(Records contained in a dataset)

[Start of Attachment]

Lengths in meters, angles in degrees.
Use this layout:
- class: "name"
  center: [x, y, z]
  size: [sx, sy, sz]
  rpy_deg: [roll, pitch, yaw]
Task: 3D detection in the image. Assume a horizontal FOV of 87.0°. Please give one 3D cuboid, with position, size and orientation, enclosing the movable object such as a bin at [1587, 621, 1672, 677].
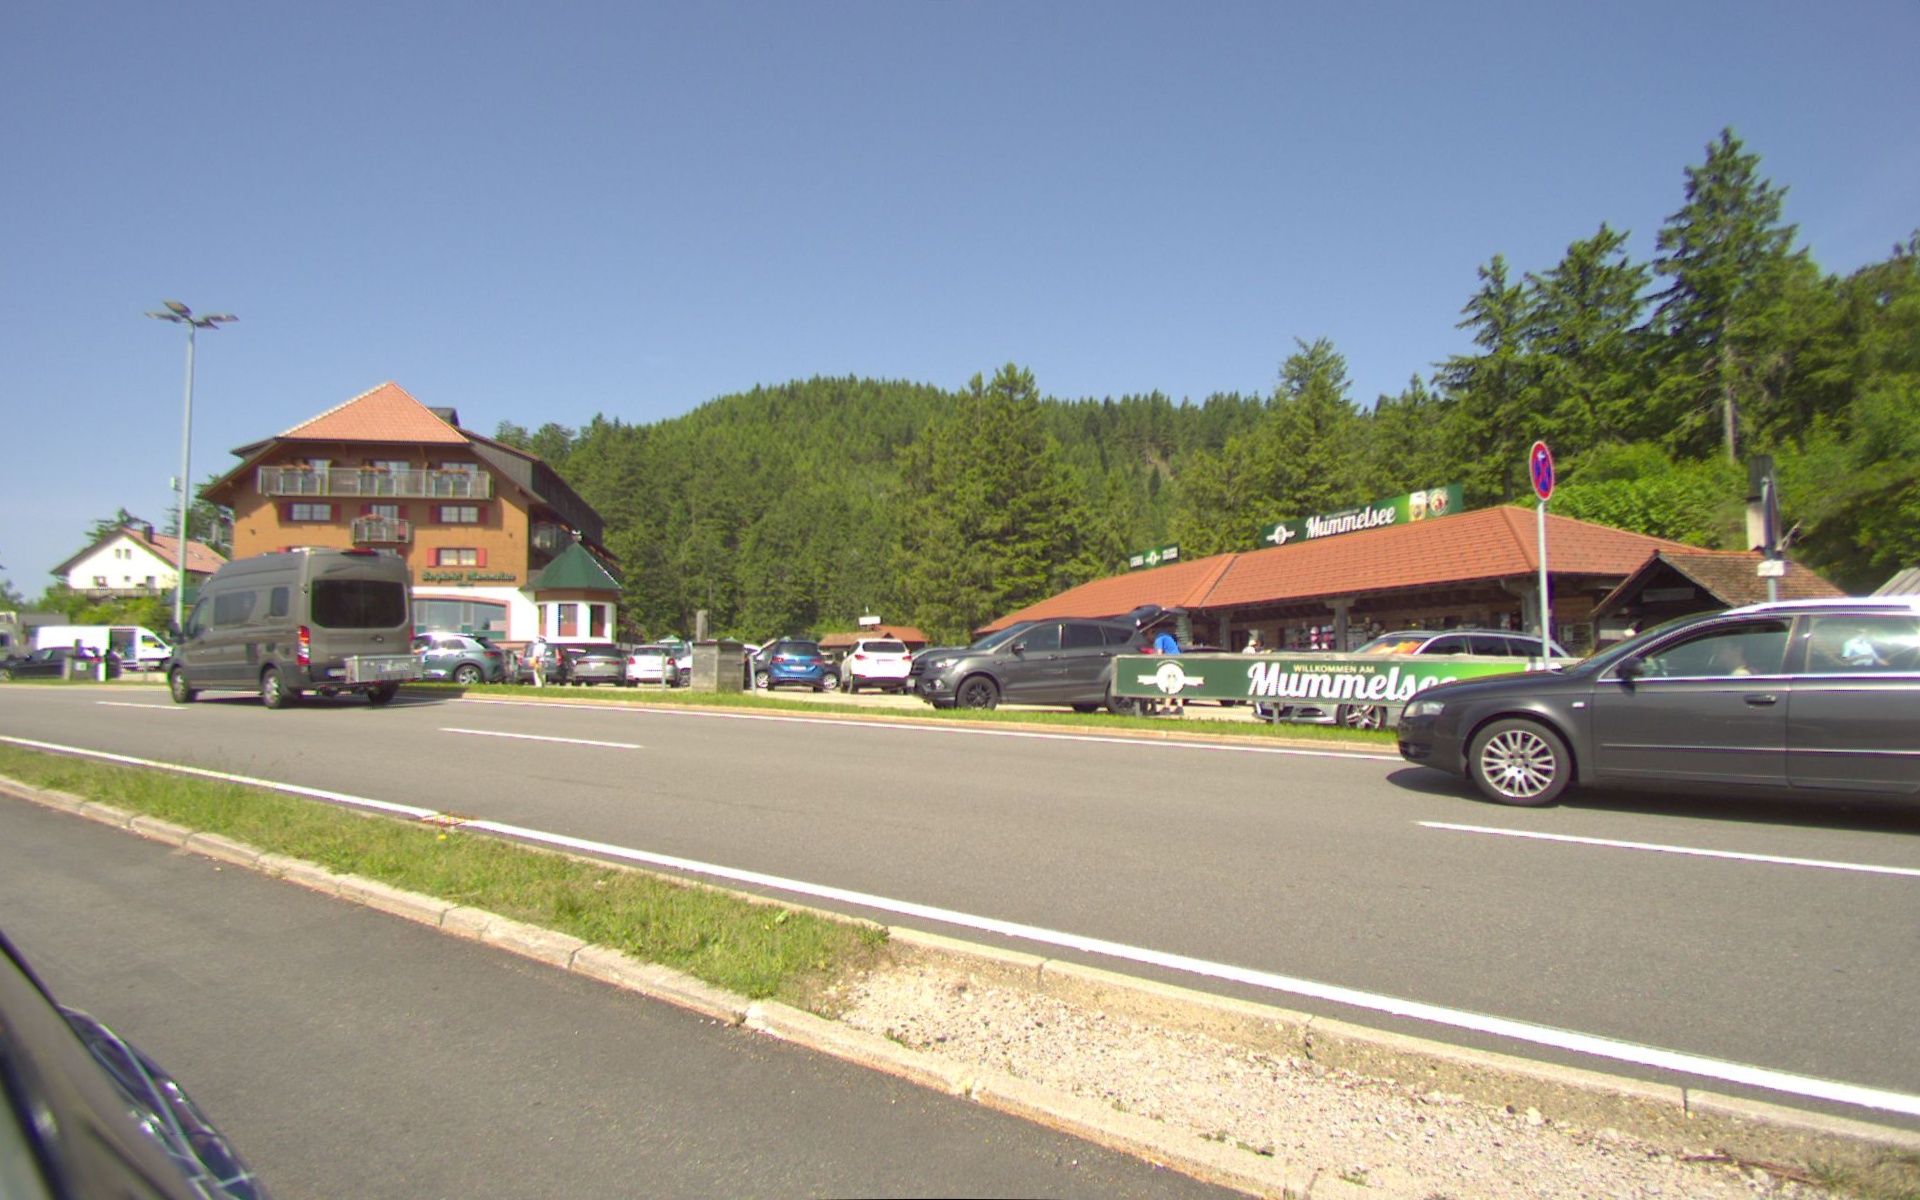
- class: "movable object such as a bin"
  center: [14.702, 1.079, 22.272]
  size: [0.969, 1.198, 1.218]
  rpy_deg: [0, -2, -5]

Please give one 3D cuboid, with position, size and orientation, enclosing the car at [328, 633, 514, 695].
- class: "car"
  center: [-14.781, 1.764, 28.011]
  size: [4.199, 1.641, 1.829]
  rpy_deg: [1, -3, -15]

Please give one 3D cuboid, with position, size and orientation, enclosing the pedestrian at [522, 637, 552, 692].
- class: "pedestrian"
  center: [-12.855, 1.952, 30.761]
  size: [0.733, 1.637, 0.685]
  rpy_deg: [2, -3, -28]

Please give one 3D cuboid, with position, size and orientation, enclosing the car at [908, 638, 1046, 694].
- class: "car"
  center: [0.508, 2.097, 32.334]
  size: [4.026, 1.729, 1.925]
  rpy_deg: [1, -3, -14]

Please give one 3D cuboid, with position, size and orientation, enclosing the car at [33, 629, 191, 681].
- class: "car"
  center: [-49.210, 3.180, 58.985]
  size: [6.855, 2.812, 2.671]
  rpy_deg: [2, -4, -40]

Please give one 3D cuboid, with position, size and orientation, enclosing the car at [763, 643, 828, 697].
- class: "car"
  center: [-5.401, 2.239, 32.827]
  size: [1.794, 1.641, 4.105]
  rpy_deg: [1, -3, -13]

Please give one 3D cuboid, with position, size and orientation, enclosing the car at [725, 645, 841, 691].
- class: "car"
  center: [-6.569, 2.500, 37.415]
  size: [4.025, 1.641, 1.829]
  rpy_deg: [1, -3, -15]

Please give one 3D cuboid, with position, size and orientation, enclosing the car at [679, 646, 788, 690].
- class: "car"
  center: [-8.868, 2.640, 39.536]
  size: [4.025, 1.641, 1.829]
  rpy_deg: [1, -3, -15]

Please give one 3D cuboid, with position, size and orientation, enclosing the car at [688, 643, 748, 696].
- class: "car"
  center: [-7.999, 2.266, 33.522]
  size: [1.794, 1.641, 4.105]
  rpy_deg: [1, -3, -13]

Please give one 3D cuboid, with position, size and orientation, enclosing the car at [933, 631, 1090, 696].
- class: "car"
  center: [1.425, 1.794, 28.629]
  size: [4.026, 1.729, 1.925]
  rpy_deg: [1, -3, -14]

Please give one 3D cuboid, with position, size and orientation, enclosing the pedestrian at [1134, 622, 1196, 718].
- class: "pedestrian"
  center: [3.611, 1.217, 17.893]
  size: [0.733, 1.648, 0.849]
  rpy_deg: [1, -3, -18]

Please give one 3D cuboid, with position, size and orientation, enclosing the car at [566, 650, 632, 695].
- class: "car"
  center: [-13.162, 2.618, 37.135]
  size: [1.794, 1.524, 4.105]
  rpy_deg: [1, -3, -13]

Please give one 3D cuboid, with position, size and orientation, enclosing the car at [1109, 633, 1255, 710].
- class: "car"
  center: [5.403, 1.740, 25.228]
  size: [1.888, 1.729, 4.106]
  rpy_deg: [1, -3, -15]

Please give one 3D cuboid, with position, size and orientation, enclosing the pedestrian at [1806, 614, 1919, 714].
- class: "pedestrian"
  center: [16.080, 1.130, 18.014]
  size: [0.962, 1.711, 1.165]
  rpy_deg: [1, -3, -16]

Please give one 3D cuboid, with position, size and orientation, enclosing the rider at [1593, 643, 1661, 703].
- class: "rider"
  center: [14.650, 1.597, 22.252]
  size: [0.826, 1.284, 0.910]
  rpy_deg: [0, -2, -5]

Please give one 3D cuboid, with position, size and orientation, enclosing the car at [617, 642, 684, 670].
- class: "car"
  center: [-19.939, 3.611, 65.398]
  size: [4.026, 1.729, 1.925]
  rpy_deg: [1, -3, -14]

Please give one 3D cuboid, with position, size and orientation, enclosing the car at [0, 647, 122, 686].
- class: "car"
  center: [-37.617, 2.738, 41.918]
  size: [4.024, 1.539, 1.830]
  rpy_deg: [1, -3, -19]

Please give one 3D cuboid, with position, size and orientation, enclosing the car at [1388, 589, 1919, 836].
- class: "car"
  center: [5.527, 0.709, 7.050]
  size: [4.438, 1.449, 1.692]
  rpy_deg: [-2, -3, 34]

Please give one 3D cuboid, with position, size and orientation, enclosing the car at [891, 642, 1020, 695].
- class: "car"
  center: [-0.184, 2.347, 34.837]
  size: [4.024, 1.729, 1.926]
  rpy_deg: [1, -3, -17]

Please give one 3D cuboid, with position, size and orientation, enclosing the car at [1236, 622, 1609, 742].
- class: "car"
  center: [6.155, 1.076, 13.611]
  size: [4.427, 1.441, 1.726]
  rpy_deg: [1, -3, -14]

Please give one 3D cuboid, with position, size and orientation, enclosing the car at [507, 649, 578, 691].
- class: "car"
  center: [-15.716, 2.612, 38.271]
  size: [1.794, 1.524, 4.105]
  rpy_deg: [1, -3, -13]

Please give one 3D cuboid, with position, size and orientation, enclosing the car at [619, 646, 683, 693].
- class: "car"
  center: [-10.580, 2.359, 34.867]
  size: [1.794, 1.524, 4.105]
  rpy_deg: [1, -3, -13]

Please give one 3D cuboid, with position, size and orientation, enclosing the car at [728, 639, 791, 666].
- class: "car"
  center: [-13.489, 3.540, 67.975]
  size: [4.026, 1.729, 1.925]
  rpy_deg: [1, -3, -14]

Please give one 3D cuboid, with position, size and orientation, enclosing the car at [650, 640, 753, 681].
- class: "car"
  center: [-10.732, 2.497, 41.969]
  size: [4.025, 1.641, 1.829]
  rpy_deg: [1, -3, -15]

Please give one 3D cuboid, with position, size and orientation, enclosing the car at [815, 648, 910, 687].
- class: "car"
  center: [-4.536, 3.121, 46.765]
  size: [4.024, 1.729, 1.926]
  rpy_deg: [1, -3, -17]

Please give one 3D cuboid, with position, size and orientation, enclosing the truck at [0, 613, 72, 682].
- class: "truck"
  center: [-56.939, 2.878, 60.490]
  size: [2.834, 3.850, 9.045]
  rpy_deg: [-1, -2, -21]

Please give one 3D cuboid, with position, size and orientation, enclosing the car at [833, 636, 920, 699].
- class: "car"
  center: [-2.570, 1.991, 30.353]
  size: [1.888, 1.729, 4.106]
  rpy_deg: [1, -3, -15]

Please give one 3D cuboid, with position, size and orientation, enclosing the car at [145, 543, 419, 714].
- class: "car"
  center: [-12.758, 0.569, 18.908]
  size: [5.898, 2.772, 1.995]
  rpy_deg: [-2, -3, 32]

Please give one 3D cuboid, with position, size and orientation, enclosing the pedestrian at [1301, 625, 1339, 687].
- class: "pedestrian"
  center: [11.948, 1.846, 33.622]
  size: [0.711, 2.029, 0.930]
  rpy_deg: [1, -2, -21]

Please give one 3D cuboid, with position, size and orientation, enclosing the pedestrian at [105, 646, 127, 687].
- class: "pedestrian"
  center: [-38.710, 3.043, 46.419]
  size: [0.752, 1.878, 0.664]
  rpy_deg: [-3, -4, 45]

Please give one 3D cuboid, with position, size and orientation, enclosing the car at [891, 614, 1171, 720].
- class: "car"
  center: [1.196, 1.137, 17.437]
  size: [4.474, 1.669, 1.727]
  rpy_deg: [1, -3, -17]

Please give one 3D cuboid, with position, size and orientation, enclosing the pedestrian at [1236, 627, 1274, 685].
- class: "pedestrian"
  center: [10.518, 1.984, 36.137]
  size: [0.948, 2.029, 0.859]
  rpy_deg: [1, -2, -21]

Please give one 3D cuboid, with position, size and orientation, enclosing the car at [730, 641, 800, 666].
- class: "car"
  center: [-13.928, 3.844, 72.067]
  size: [4.764, 1.729, 1.925]
  rpy_deg: [1, -3, -14]
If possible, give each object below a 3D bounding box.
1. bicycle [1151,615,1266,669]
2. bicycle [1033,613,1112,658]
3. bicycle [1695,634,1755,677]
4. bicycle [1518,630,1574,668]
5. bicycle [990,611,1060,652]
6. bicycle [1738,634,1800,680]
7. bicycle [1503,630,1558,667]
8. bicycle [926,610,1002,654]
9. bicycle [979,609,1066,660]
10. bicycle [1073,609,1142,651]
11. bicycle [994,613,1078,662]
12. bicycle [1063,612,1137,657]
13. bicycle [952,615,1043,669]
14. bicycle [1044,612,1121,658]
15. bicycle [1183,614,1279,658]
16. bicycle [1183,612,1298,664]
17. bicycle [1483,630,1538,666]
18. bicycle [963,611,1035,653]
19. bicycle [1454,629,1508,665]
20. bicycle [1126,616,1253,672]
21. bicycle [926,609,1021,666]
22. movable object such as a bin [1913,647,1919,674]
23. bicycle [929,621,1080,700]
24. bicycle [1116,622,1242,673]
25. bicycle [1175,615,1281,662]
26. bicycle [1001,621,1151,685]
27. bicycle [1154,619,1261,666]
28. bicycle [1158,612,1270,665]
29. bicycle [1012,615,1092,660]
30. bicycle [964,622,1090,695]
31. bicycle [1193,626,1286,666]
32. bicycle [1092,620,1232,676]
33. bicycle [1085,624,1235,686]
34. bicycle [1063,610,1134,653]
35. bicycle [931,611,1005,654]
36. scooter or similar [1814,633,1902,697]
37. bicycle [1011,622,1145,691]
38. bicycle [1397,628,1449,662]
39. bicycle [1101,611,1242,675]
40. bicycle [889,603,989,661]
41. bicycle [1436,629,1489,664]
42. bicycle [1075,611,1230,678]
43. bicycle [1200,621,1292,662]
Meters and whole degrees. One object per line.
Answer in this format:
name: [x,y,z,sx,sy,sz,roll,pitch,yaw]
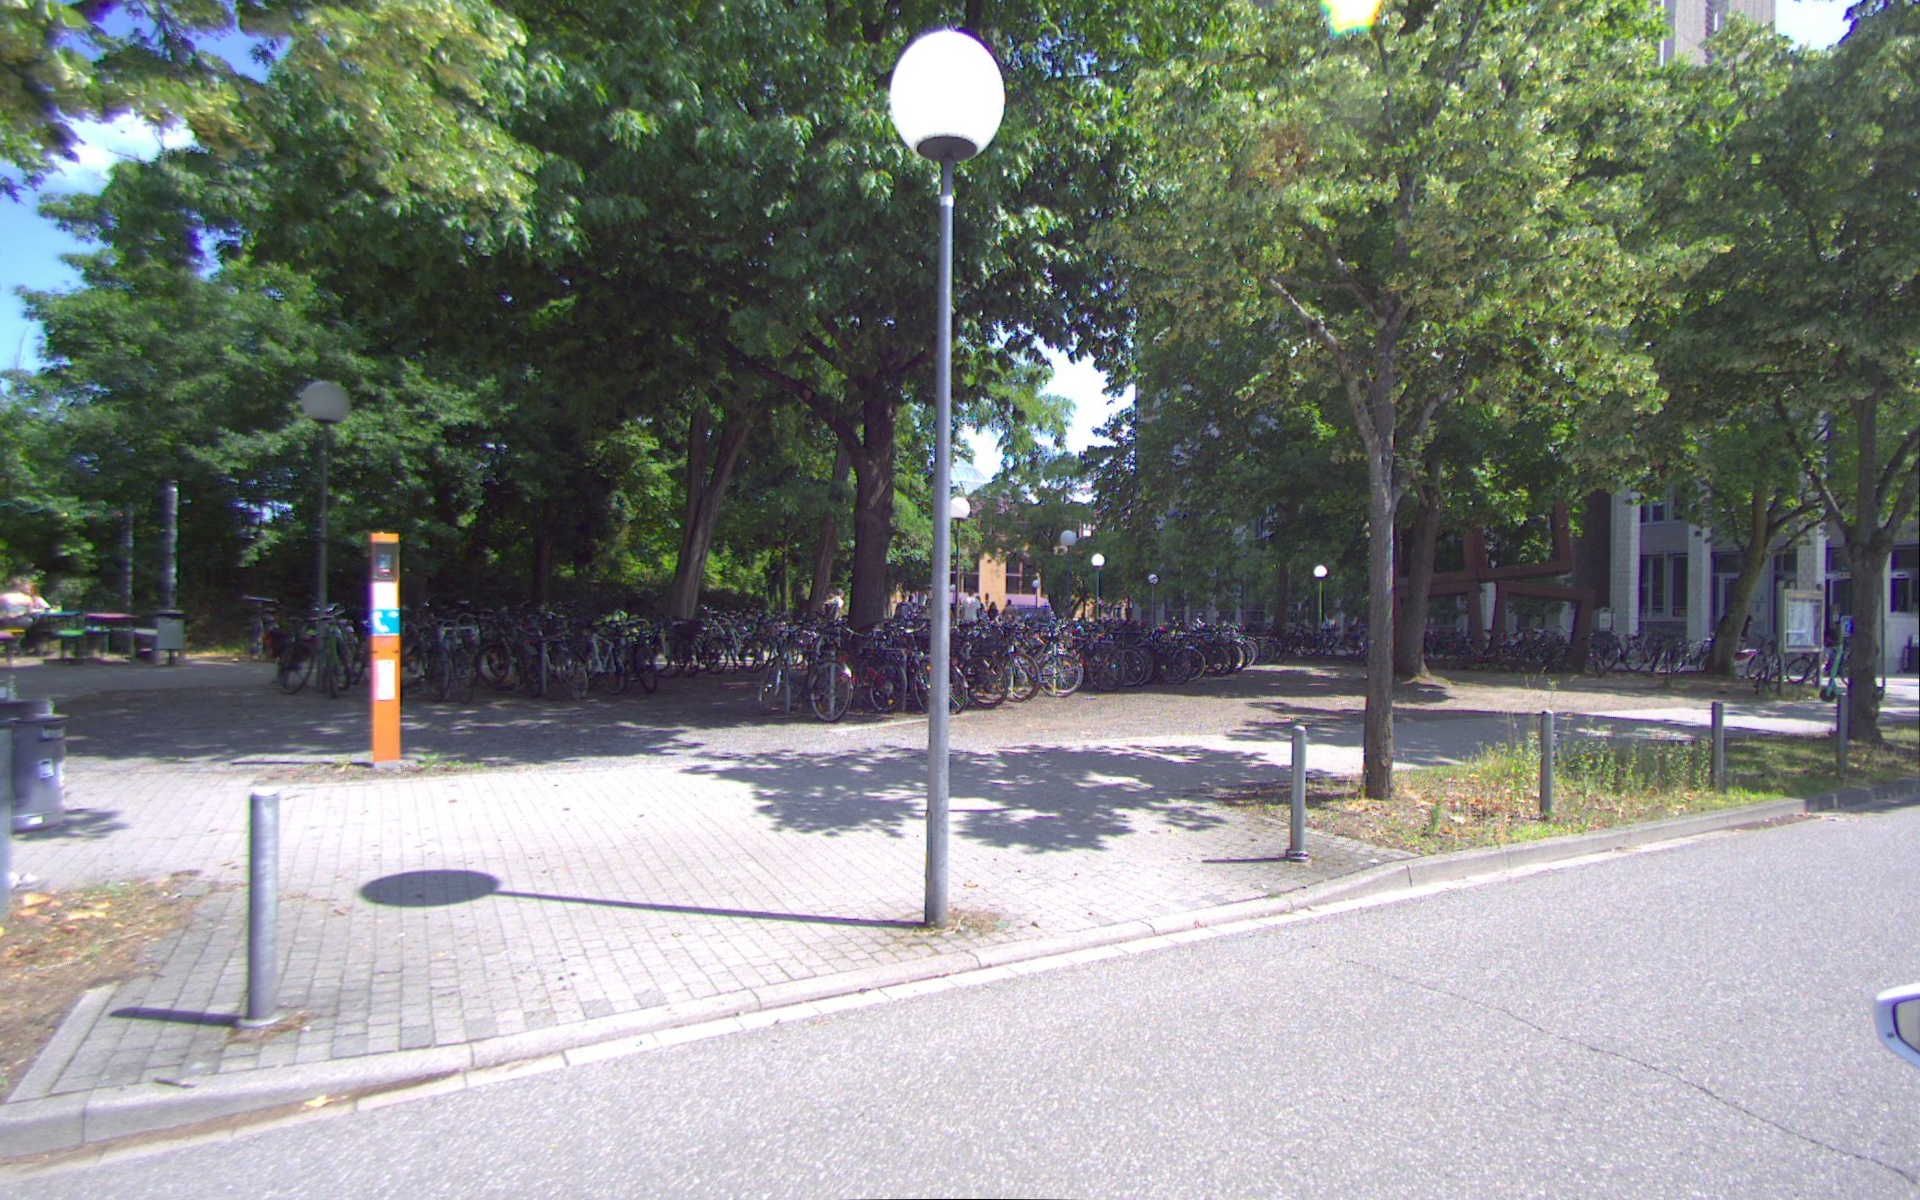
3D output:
bicycle: [6.094,1.013,24.620,2.655,1.195,0.883,1,0,18]
bicycle: [3.052,0.959,27.388,2.021,1.147,0.639,1,1,25]
bicycle: [20.489,1.479,26.903,1.950,1.101,0.549,2,1,-31]
bicycle: [17.828,1.488,30.556,1.950,1.101,0.549,2,1,-31]
bicycle: [1.969,0.942,30.478,2.021,1.147,0.639,2,1,25]
bicycle: [20.779,1.453,25.787,1.950,1.101,0.549,2,1,-31]
bicycle: [17.678,1.501,31.137,1.950,1.101,0.549,2,1,-31]
bicycle: [0.114,0.870,27.810,2.021,1.147,0.639,1,1,25]
bicycle: [1.526,0.826,24.494,2.021,1.147,0.639,1,1,25]
bicycle: [4.670,0.936,31.929,2.022,1.147,0.639,4,2,25]
bicycle: [1.928,0.934,25.538,2.021,1.147,0.639,1,1,25]
bicycle: [4.121,1.006,29.606,2.022,1.147,0.639,4,2,25]
bicycle: [0.868,0.959,23.433,2.021,1.147,0.639,2,1,25]
bicycle: [3.474,0.967,28.429,2.021,1.147,0.639,3,2,25]
bicycle: [8.326,1.092,30.872,2.781,1.249,0.743,1,0,18]
bicycle: [7.814,1.033,27.995,3.021,1.314,0.883,1,0,18]
bicycle: [17.358,1.505,31.655,1.950,1.101,0.549,2,1,-31]
bicycle: [1.145,0.921,29.526,2.021,1.147,0.639,1,1,25]
bicycle: [16.823,1.508,32.419,1.950,1.101,0.549,2,1,-31]
bicycle: [5.397,1.008,23.661,2.826,1.193,0.883,1,0,18]
bicycle: [0.286,0.821,22.327,2.021,1.173,0.639,1,1,25]
movable object such as a bin: [32.927,2.069,34.529,0.444,0.907,0.167,1,0,-36]
bicycle: [0.627,0.853,14.669,2.116,1.022,0.676,1,0,31]
bicycle: [4.935,1.047,22.652,2.679,1.016,0.883,1,0,18]
bicycle: [7.818,1.107,29.331,2.902,1.141,0.743,3,1,18]
bicycle: [2.089,0.935,18.149,2.598,1.022,0.678,1,0,18]
bicycle: [6.402,1.084,25.974,2.630,1.091,0.883,1,0,18]
bicycle: [6.867,1.009,27.143,2.875,1.304,0.883,1,0,18]
bicycle: [2.418,0.966,26.466,2.022,1.147,0.639,0,0,25]
bicycle: [1.036,0.887,15.758,1.858,1.022,0.676,1,0,31]
bicycle: [9.169,1.501,32.979,2.853,1.171,0.743,2,0,18]
bicycle: [4.143,0.963,20.594,2.728,1.028,0.883,1,0,18]
bicycle: [3.898,1.041,19.566,2.777,1.064,0.883,1,0,18]
bicycle: [4.271,0.971,31.017,2.022,1.147,0.674,4,2,25]
bicycle: [0.210,0.907,28.709,2.021,1.147,0.639,1,1,25]
scooter or similar: [17.494,1.266,19.580,1.301,1.191,0.340,1,0,5]
bicycle: [1.950,0.910,16.773,2.115,1.022,0.676,1,0,30]
bicycle: [15.828,1.530,34.311,1.950,1.101,0.549,2,1,-31]
bicycle: [4.532,0.902,21.502,2.850,1.237,0.883,1,0,18]
bicycle: [-0.446,0.653,21.210,2.021,1.147,0.639,2,1,25]
bicycle: [16.628,1.527,33.211,1.950,1.101,0.549,2,1,-31]
bicycle: [3.563,0.797,18.582,2.696,1.101,0.883,1,0,18]
bicycle: [9.039,1.302,31.761,2.708,1.083,0.743,3,1,18]

[End of Attachment]

**Problem**
Copy the lines above that hold the word "pitch".

**Output for this exercise**
  rpy_deg: [roll, pitch, yaw]
name: [x,y,z,sx,sy,sz,roll,pitch,yaw]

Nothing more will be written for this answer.